Adiante, no século XVI, o físico italiano e professor de anatomia Gabriele Falloppio (1523 – 1563) mencionou em 1564 no capítulo 89 de seu tratado póstumo um estudo médico sobre a eficácia da utilização de um preservativo feito de tecido impregnado com várias substâncias para encaixar na glande do pênis. Este teria por objetivo proteger o homem que o usasse de se infectar com sífilis. Neste trabalho que ele realizou, ele não fez alusão ao uso de contraceptivos, mas afirmou veemente que nenhum dos 1100 homens que aplicaram seu método contraiu a doença, 
As primeiras referências ao termo “camisinha” são datadas do início da Idade Moderna através do poema intitulado “A Panegyric upon Cundum” (Um panegírico sobre camisinha) escrito em 1665 pelo poeta John Wilmot, segundo Conde de Rochester (1647 – 1680), notoriamente conhecido por seus versos marcados pelo deboche, o qual acabou morrendo de sífilis aos 33 anos. Mais adiante, em 1717 o físico inglês Daniel Turner (1667 – 1742) no seu livro “Syphilis: a practical dissertation on the venereal disease” escreveu sobre camisinhas feitas de bexiga ou membrana intestinal de cordeiros suavizadas pelo tratamento com enxofre e soda cáustica. Essas camisinhas não cobriam apenas a glande do pênis, mas sim o recobriam por inteiro, e para que não deslizassem durante o intercurso sexual, uma fita na extremidade aberta do preservativo era amarrada em torno da base do pênis. Além disso, essa camisinha feita de “pele” era umedecida em água morna ou leite, tornando-se flexível, e não impedia a transferência de calor.
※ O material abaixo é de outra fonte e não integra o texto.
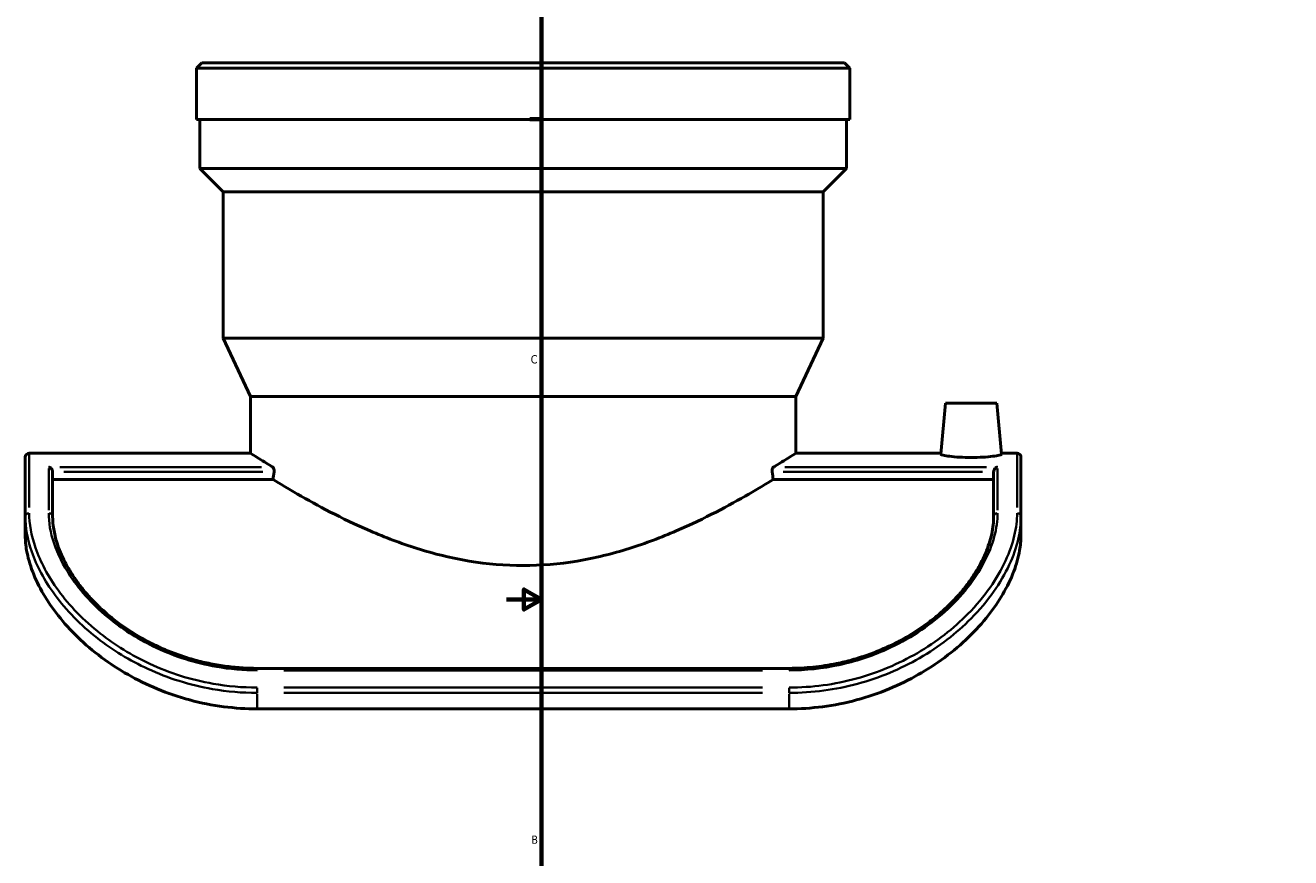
# Model space of a CAD drawing. Header units: inches. Extents: x -6.9 to 51.6, y -5.9 to 38.
# Tile 2 of 10: x -5.4 to 9.1, y 8 to 17.6. Entities that reach past the tile are written whole.
import ezdxf

# ---------------------------------------------------------------- set-up
doc = ezdxf.new("R2010")
doc.units = ezdxf.units.IN
doc.header["$MEASUREMENT"] = 0
for name, color, linetype, lineweight in [('Border (ANSI)', 7, 'Continuous', 70), ('Visible (ANSI)', 7, 'Continuous', 50), ('Visible Narrow (ANSI)', 7, 'Continuous', 35)]:
    doc.layers.add(name, color=color, linetype=linetype, lineweight=lineweight)
doc.styles.add('Note Text (ANSI)', font='tahoma.ttf')

# ---------------------------------------------------------------- blocks, each defined once
blk = doc.blocks.new('Borders Default Border')
at = {"layer": 'Border (ANSI)'}
blk.add_line((0.5, 16.5), (0.366, 16.5), dxfattribs=at)
at = {"layer": 'Border (ANSI)', "flags": 128}
for points in [[(0.5, 1), (0.5, 21), (33.5, 21), (33.5, 1), (0.5, 1)], [(0.1, 11), (0.5, 11), (0.3, 11.115), (0.3, 10.885), (0.5, 11)]]:
    blk.add_lwpolyline(points, dxfattribs=at)
at = {"layer": 'Border (ANSI)', "color": 5, "true_color": 0x0000ff, "char_height": 0.0945, "attachment_point": 7, "style": 'Note Text (ANSI)'}
for s, insert in [('C', (0.378, 13.701)), ('B', (0.384, 8.203))]:
    blk.add_mtext(s, dxfattribs=dict(at, insert=insert))

msp = doc.modelspace()

# ---------------------------------------------------------------- linework, layer by layer
at = {"layer": 'Visible (ANSI)'}
for p, q in [((-3.386, 17.144), (-3.449, 17.082)), ((-3.386, 17.144), (3.969, 17.144)), ((3.969, 17.144), (4.031, 17.082)), ((-3.449, 16.494), (-3.449, 17.082)), ((4.031, 17.082), (-3.449, 17.082)), ((4.031, 16.494), (4.031, 17.082)), ((4.031, 16.494), (-3.449, 16.494)), ((-3.411, 15.935), (-3.411, 16.494)), ((3.994, 15.935), (3.994, 16.494)), ((3.994, 15.935), (-3.411, 15.935)), ((-3.145, 15.668), (-3.411, 15.935)), ((3.727, 15.668), (3.994, 15.935)), ((3.727, 15.668), (-3.145, 15.668)), ((-3.145, 13.994), (-3.145, 15.668)), ((3.727, 13.994), (3.727, 15.668)), ((3.727, 13.994), (-3.145, 13.994)), ((-2.832, 13.323), (-3.145, 13.994)), ((3.414, 13.323), (3.727, 13.994)), ((3.414, 13.323), (-2.832, 13.323)), ((-2.832, 12.675), (-2.832, 13.323)), ((3.414, 12.675), (3.414, 13.323)), ((5.126, 13.248), (5.075, 12.663)), ((5.126, 13.248), (5.716, 13.248)), ((5.716, 13.248), (5.768, 12.663)), ((-5.409, 11.95), (-5.409, 12.63)), ((-5.364, 12.675), (-2.832, 12.675)), ((3.414, 12.675), (5.076, 12.675)), ((5.767, 12.675), (5.946, 12.675)), ((5.991, 12.63), (5.991, 11.95)), ((-5.096, 12.462), (-5.096, 11.95)), ((5.678, 11.95), (5.678, 12.462)), ((-2.572, 12.373), (-5.096, 12.373)), ((5.678, 12.373), (3.154, 12.373)), ((-5.409, 11.95), (-5.409, 11.729)), ((5.991, 11.729), (5.991, 11.95)), ((3.336, 10.212), (-2.754, 10.212)), ((-2.754, 9.748), (3.336, 9.748))]:
    msp.add_line(p, q, dxfattribs=at)
for centre, start, end in [((-5.364, 12.63), 90, 180), ((5.946, 12.63), 0, 90)]:
    msp.add_arc(centre, 0.0451, start, end, dxfattribs=at)
for start_param, end_param in [(4.293166, 4.301511), (1.981674, 1.990019)]:
    msp.add_ellipse((0.291, 7.718), major_axis=(0, -11.654), ratio=0.267949, start_param=start_param, end_param=end_param, dxfattribs=at)
for points, knots in [([(-2.832, 12.675), (-2.832, 12.675), (-2.812, 12.662), (-2.73, 12.611), (-2.668, 12.573), (-2.583, 12.522), (-2.579, 12.52), (-2.575, 12.517)], [37.138458, 37.138458, 37.138458, 37.138458, 38.679501, 38.679501, 40.220544, 40.220544, 40.293895, 40.293895, 40.293895, 40.293895]), ([(3.158, 12.517), (3.162, 12.52), (3.165, 12.522), (3.25, 12.573), (3.312, 12.611), (3.394, 12.662), (3.414, 12.675), (3.414, 12.675)], [9.224049, 9.224049, 9.224049, 9.224049, 9.2974, 9.2974, 10.838443, 10.838443, 12.379486, 12.379486, 12.379486, 12.379486]), ([(5.768, 12.663), (5.768, 12.66), (5.759, 12.656), (5.724, 12.648), (5.698, 12.643), (5.637, 12.636), (5.597, 12.632), (5.512, 12.627), (5.465, 12.626), (5.377, 12.626), (5.33, 12.627), (5.245, 12.632), (5.205, 12.636), (5.144, 12.643), (5.118, 12.648), (5.083, 12.656), (5.074, 12.66), (5.075, 12.663)], [1.323291, 1.323291, 1.323291, 1.323291, 1.657596, 1.657596, 1.9919, 1.9919, 2.326105, 2.326105, 2.660309, 2.660309, 2.995218, 2.995218, 3.330127, 3.330127, 3.663728, 3.663728, 3.997329, 3.997329, 3.997329, 3.997329]), ([(-5.141, 12.517), (-5.141, 12.517), (-5.141, 12.517), (-5.136, 12.516), (-5.131, 12.514), (-5.122, 12.509), (-5.118, 12.506), (-5.11, 12.498), (-5.106, 12.493), (-5.101, 12.484), (-5.099, 12.479), (-5.096, 12.471), (-5.096, 12.467), (-5.096, 12.462), (-5.096, 12.462), (-5.096, 12.462)], [-0.0006779, -0.0006779, -0.0006779, -0.0006779, 0, 0, 0.0510078, 0.0510078, 0.0996119, 0.0996119, 0.149274, 0.149274, 0.1864773, 0.1864773, 0.2189307, 0.2189307, 0.2192909, 0.2192909, 0.2192909, 0.2192909]), ([(-2.575, 12.517), (-2.574, 12.517), (-2.574, 12.516), (-2.57, 12.513), (-2.568, 12.509), (-2.564, 12.501), (-2.563, 12.496), (-2.561, 12.485), (-2.56, 12.479), (-2.56, 12.474), (-2.56, 12.47), (-2.561, 12.466), (-2.561, 12.462)], [-0.1500056, -0.1500056, -0.1500056, -0.1500056, -0.1331328, -0.1331328, -0.085902, -0.085902, -0.042951, -0.042951, 0, 0, 0, 0.0291192, 0.0291192, 0.0291192, 0.0291192]), ([(3.144, 12.462), (3.143, 12.466), (3.143, 12.47), (3.143, 12.474), (3.143, 12.479), (3.143, 12.485), (3.145, 12.496), (3.147, 12.501), (3.15, 12.509), (3.153, 12.513), (3.156, 12.516), (3.157, 12.517), (3.158, 12.517)], [-0.0291192, -0.0291192, -0.0291192, -0.0291192, 0, 0, 0, 0.042951, 0.042951, 0.085902, 0.085902, 0.1331328, 0.1331328, 0.1500056, 0.1500056, 0.1500056, 0.1500056]), ([(5.723, 12.517), (5.723, 12.517), (5.723, 12.517), (5.718, 12.516), (5.713, 12.514), (5.704, 12.509), (5.7, 12.506), (5.692, 12.498), (5.688, 12.493), (5.683, 12.484), (5.681, 12.479), (5.679, 12.471), (5.678, 12.467), (5.678, 12.462), (5.678, 12.462), (5.678, 12.462)], [-0.5157377, -0.5157377, -0.5157377, -0.5157377, -0.5149082, -0.5149082, -0.4525012, -0.4525012, -0.3930349, -0.3930349, -0.3322743, -0.3322743, -0.2867568, -0.2867568, -0.2470506, -0.2470506, -0.24661, -0.24661, -0.24661, -0.24661]), ([(-2.572, 12.373), (-2.494, 12.325), (-2.399, 12.268), (-2.179, 12.142), (-2.052, 12.071), (-1.781, 11.932), (-1.628, 11.857), (-1.293, 11.713), (-1.112, 11.644), (-0.731, 11.524), (-0.53, 11.474), (-0.122, 11.406), (0.087, 11.389), (0.291, 11.389), (0.496, 11.389), (0.704, 11.406), (1.113, 11.474), (1.313, 11.524), (1.694, 11.644), (1.876, 11.713), (2.21, 11.857), (2.363, 11.932), (2.634, 12.071), (2.762, 12.142), (2.982, 12.268), (3.076, 12.325), (3.154, 12.373)], [-9.230632, -9.230632, -9.230632, -9.230632, -7.779765, -7.779765, -6.235653, -6.235653, -4.67674, -4.67674, -3.117826, -3.117826, -1.558913, -1.558913, 0, 0, 0, 1.558913, 1.558913, 3.117826, 3.117826, 4.67674, 4.67674, 6.235653, 6.235653, 7.779765, 7.779765, 9.230632, 9.230632, 9.230632, 9.230632]), ([(-2.754, 10.212), (-2.816, 10.212), (-2.878, 10.214), (-3.002, 10.223), (-3.064, 10.229), (-3.187, 10.246), (-3.248, 10.257), (-3.369, 10.282), (-3.429, 10.297), (-3.546, 10.33), (-3.604, 10.349), (-3.718, 10.389), (-3.774, 10.411), (-3.883, 10.459), (-3.936, 10.484), (-4.04, 10.537), (-4.09, 10.566), (-4.187, 10.624), (-4.234, 10.655), (-4.325, 10.718), (-4.368, 10.75), (-4.451, 10.817), (-4.491, 10.851), (-4.567, 10.92), (-4.603, 10.955), (-4.671, 11.026), (-4.703, 11.062), (-4.763, 11.134), (-4.792, 11.17), (-4.844, 11.244), (-4.869, 11.28), (-4.914, 11.354), (-4.935, 11.391), (-4.973, 11.464), (-4.99, 11.501), (-5.021, 11.575), (-5.034, 11.611), (-5.063, 11.702), (-5.075, 11.754), (-5.092, 11.856), (-5.096, 11.904), (-5.096, 11.95)], [0, 0, 0, 0, 0.482279, 0.482279, 0.964433, 0.964433, 1.446156, 1.446156, 1.927065, 1.927065, 2.406616, 2.406616, 2.884073, 2.884073, 3.35857, 3.35857, 3.829321, 3.829321, 4.295767, 4.295767, 4.757682, 4.757682, 5.215269, 5.215269, 5.669244, 5.669244, 6.120916, 6.120916, 6.572138, 6.572138, 7.025233, 7.025233, 7.482956, 7.482956, 7.948549, 7.948549, 8.425808, 8.425808, 9.152991, 9.152991, 9.880175, 9.880175, 9.880175, 9.880175]), ([(5.678, 11.95), (5.678, 11.919), (5.676, 11.887), (5.669, 11.82), (5.663, 11.785), (5.648, 11.714), (5.638, 11.678), (5.614, 11.604), (5.6, 11.566), (5.568, 11.49), (5.55, 11.453), (5.51, 11.377), (5.489, 11.34), (5.442, 11.266), (5.416, 11.228), (5.362, 11.155), (5.333, 11.118), (5.271, 11.046), (5.239, 11.01), (5.17, 10.94), (5.134, 10.905), (5.058, 10.837), (5.018, 10.803), (4.934, 10.738), (4.891, 10.706), (4.8, 10.644), (4.754, 10.614), (4.657, 10.556), (4.606, 10.529), (4.503, 10.476), (4.45, 10.452), (4.341, 10.405), (4.285, 10.384), (4.172, 10.344), (4.114, 10.326), (3.997, 10.293), (3.939, 10.279), (3.79, 10.249), (3.7, 10.235), (3.519, 10.217), (3.428, 10.212), (3.336, 10.212)], [0, 0, 0, 0, 0.494003, 0.494003, 0.988007, 0.988007, 1.48201, 1.48201, 1.974124, 1.974124, 2.450053, 2.450053, 2.91457, 2.91457, 3.371508, 3.371508, 3.824132, 3.824132, 4.275241, 4.275241, 4.727137, 4.727137, 5.181566, 5.181566, 5.639679, 5.639679, 6.102116, 6.102116, 6.56905, 6.56905, 7.040234, 7.040234, 7.515064, 7.515064, 7.992732, 7.992732, 8.464566, 8.464566, 9.172317, 9.172317, 9.880068, 9.880068, 9.880068, 9.880068]), ([(-5.409, 11.729), (-5.409, 11.677), (-5.404, 11.62), (-5.38, 11.484), (-5.357, 11.402), (-5.292, 11.233), (-5.25, 11.146), (-5.154, 10.982), (-5.098, 10.9), (-4.967, 10.734), (-4.892, 10.65), (-4.725, 10.488), (-4.633, 10.41), (-4.438, 10.265), (-4.336, 10.199), (-4.13, 10.081), (-4.017, 10.026), (-3.78, 9.927), (-3.655, 9.885), (-3.399, 9.816), (-3.268, 9.79), (-3.007, 9.756), (-2.878, 9.748), (-2.754, 9.748)], [19.151983, 19.151983, 19.151983, 19.151983, 19.964705, 19.964705, 21.007622, 21.007622, 22.050539, 22.050539, 23.000323, 23.000323, 23.950107, 23.950107, 24.899891, 24.899891, 25.849674, 25.849674, 26.795903, 26.795903, 27.742132, 27.742132, 28.688361, 28.688361, 29.63459, 29.63459, 29.63459, 29.63459]), ([(3.336, 9.748), (3.46, 9.748), (3.59, 9.756), (3.85, 9.79), (3.981, 9.816), (4.237, 9.885), (4.362, 9.927), (4.6, 10.026), (4.712, 10.081), (4.918, 10.199), (5.021, 10.265), (5.215, 10.41), (5.307, 10.488), (5.474, 10.65), (5.55, 10.734), (5.681, 10.9), (5.736, 10.982), (5.832, 11.146), (5.874, 11.233), (5.94, 11.402), (5.962, 11.484), (5.986, 11.62), (5.991, 11.677), (5.991, 11.729)], [29.63403, 29.63403, 29.63403, 29.63403, 30.580259, 30.580259, 31.526488, 31.526488, 32.472717, 32.472717, 33.418945, 33.418945, 34.368729, 34.368729, 35.318513, 35.318513, 36.268297, 36.268297, 37.21808, 37.21808, 38.260997, 38.260997, 39.303914, 39.303914, 40.116637, 40.116637, 40.116637, 40.116637])]:
    msp.add_open_spline(points, degree=3, knots=knots, dxfattribs=at)
at = {"layer": 'Visible Narrow (ANSI)'}
for p, q in [((-5.364, 12.673), (-5.364, 12.054)), ((5.946, 12.054), (5.946, 12.673)), ((-5.141, 12.024), (-5.141, 12.5)), ((-2.704, 12.517), (-5.012, 12.517)), ((-4.969, 12.462), (-2.688, 12.462)), ((3.27, 12.462), (5.551, 12.462)), ((5.595, 12.517), (3.286, 12.517)), ((5.723, 12.5), (5.723, 12.024)), ((-2.754, 10.192), (-2.754, 10.212)), ((-2.449, 10.189), (3.032, 10.189)), ((3.336, 10.192), (3.336, 10.212)), ((-2.754, 9.933), (-2.754, 9.989)), ((-2.754, 9.757), (-2.754, 9.922)), ((3.032, 9.992), (-2.449, 9.992)), ((-2.449, 9.931), (3.032, 9.931)), ((3.336, 9.933), (3.336, 9.989)), ((3.336, 9.922), (3.336, 9.757))]:
    msp.add_line(p, q, dxfattribs=at)
for centre, major_axis, start_param, end_param in [((-5.364, 11.95), (-0.0451, 0), 4.790929, 6.204645), ((-5.141, 11.95), (0.0451, 0), 0.07854, 1.492257), ((5.723, 11.95), (-0.0451, 0), 4.790929, 6.204645), ((5.946, 11.95), (0.0451, 0), 0.07854, 1.492257)]:
    msp.add_ellipse(centre, major_axis=major_axis, ratio=0.861626, start_param=start_param, end_param=end_param, dxfattribs=at)
for points, knots in [([(-5.409, 11.95), (-5.409, 11.828), (-5.386, 11.691), (-5.28, 11.387), (-5.191, 11.218), (-4.941, 10.878), (-4.776, 10.708), (-4.411, 10.422), (-4.216, 10.302), (-3.774, 10.099), (-3.524, 10.02), (-3.098, 9.946), (-2.926, 9.931), (-2.754, 9.931)], [-10.774695, -10.774695, -10.774695, -10.774695, -8.989691, -8.989691, -7.056317, -7.056317, -5.04112, -5.04112, -3.254921, -3.254921, -1.288819, -1.288819, 0, 0, 0, 0]), ([(-2.754, 9.992), (-2.923, 9.992), (-3.092, 10.007), (-3.511, 10.08), (-3.757, 10.158), (-4.191, 10.36), (-4.382, 10.478), (-4.742, 10.762), (-4.904, 10.93), (-5.15, 11.267), (-5.237, 11.434), (-5.341, 11.734), (-5.364, 11.869), (-5.364, 11.989)], [0, 0, 0, 0, 1.288819, 1.288819, 3.254921, 3.254921, 5.04112, 5.04112, 7.056317, 7.056317, 8.989691, 8.989691, 10.774695, 10.774695, 10.774695, 10.774695]), ([(-5.141, 11.989), (-5.141, 11.883), (-5.122, 11.765), (-5.039, 11.521), (-4.977, 11.395), (-4.778, 11.095), (-4.62, 10.921), (-4.274, 10.645), (-4.099, 10.536), (-3.695, 10.346), (-3.461, 10.272), (-3.067, 10.203), (-2.91, 10.189), (-2.754, 10.189)], [-9.880175, -9.880175, -9.880175, -9.880175, -8.304499, -8.304499, -6.799083, -6.799083, -4.718426, -4.718426, -3.066289, -3.066289, -1.191437, -1.191437, 0, 0, 0, 0]), ([(5.946, 11.989), (5.946, 11.909), (5.936, 11.822), (5.893, 11.639), (5.86, 11.543), (5.768, 11.343), (5.709, 11.24), (5.565, 11.035), (5.48, 10.933), (5.221, 10.669), (5.024, 10.516), (4.591, 10.263), (4.355, 10.163), (3.858, 10.027), (3.597, 9.992), (3.336, 9.992)], [0, 0, 0, 0, 1.1896, 1.1896, 2.3792, 2.3792, 3.580303, 3.580303, 4.781406, 4.781406, 6.812938, 6.812938, 8.787163, 8.787163, 10.774637, 10.774637, 10.774637, 10.774637]), ([(3.336, 10.189), (3.528, 10.189), (3.72, 10.21), (4.095, 10.29), (4.279, 10.351), (4.704, 10.542), (4.932, 10.692), (5.218, 10.949), (5.305, 11.042), (5.455, 11.231), (5.517, 11.327), (5.621, 11.525), (5.66, 11.625), (5.711, 11.816), (5.723, 11.906), (5.723, 11.989)], [-9.880068, -9.880068, -9.880068, -9.880068, -8.418574, -8.418574, -6.931969, -6.931969, -4.75143, -4.75143, -3.611047, -3.611047, -2.470665, -2.470665, -1.235332, -1.235332, 0, 0, 0, 0]), ([(3.336, 9.931), (3.602, 9.931), (3.867, 9.967), (4.372, 10.104), (4.612, 10.205), (5.054, 10.459), (5.253, 10.614), (5.517, 10.881), (5.603, 10.984), (5.75, 11.191), (5.81, 11.295), (5.903, 11.497), (5.937, 11.595), (5.981, 11.781), (5.991, 11.869), (5.991, 11.95)], [-10.774637, -10.774637, -10.774637, -10.774637, -8.787163, -8.787163, -6.812938, -6.812938, -4.781406, -4.781406, -3.580303, -3.580303, -2.3792, -2.3792, -1.1896, -1.1896, 0, 0, 0, 0])]:
    msp.add_open_spline(points, degree=3, knots=knots, dxfattribs=at)

# ---------------------------------------------------------------- block references
msp.add_blockref('Borders Default Border', (0, 0))

doc.saveas('drawing.dxf')

Representação da camisinha utilizada no início da Idade Moderna feita de bexiga ou membrana intestinal de animal reportada em 1717 pelo físico Daniel Turner | Fonte: ancient-origins.net
Portanto, descrições da utilização de protetores dos órgãos sexuais são retratadas ao longo da história, e a mitologia e a cultura de outros povos tentam nortear de onde surgiu a camisinha. Contudo, a origem do preservativo, como método de contracepção e de prevenção a infecções sexualmente transmissíveis (ISTs), não é unânime entre os historiadores, e portanto não é possível provar através de evidências históricas que se conhecem até o momento. Independentemente em qual local surgiu a camisinha, atualmente ela é amplamente difundida no mundo inteiro, e além de ser um método contraceptivo eficaz, esse preservativo torna o sexo seguro em relação à prevenção de ISTs.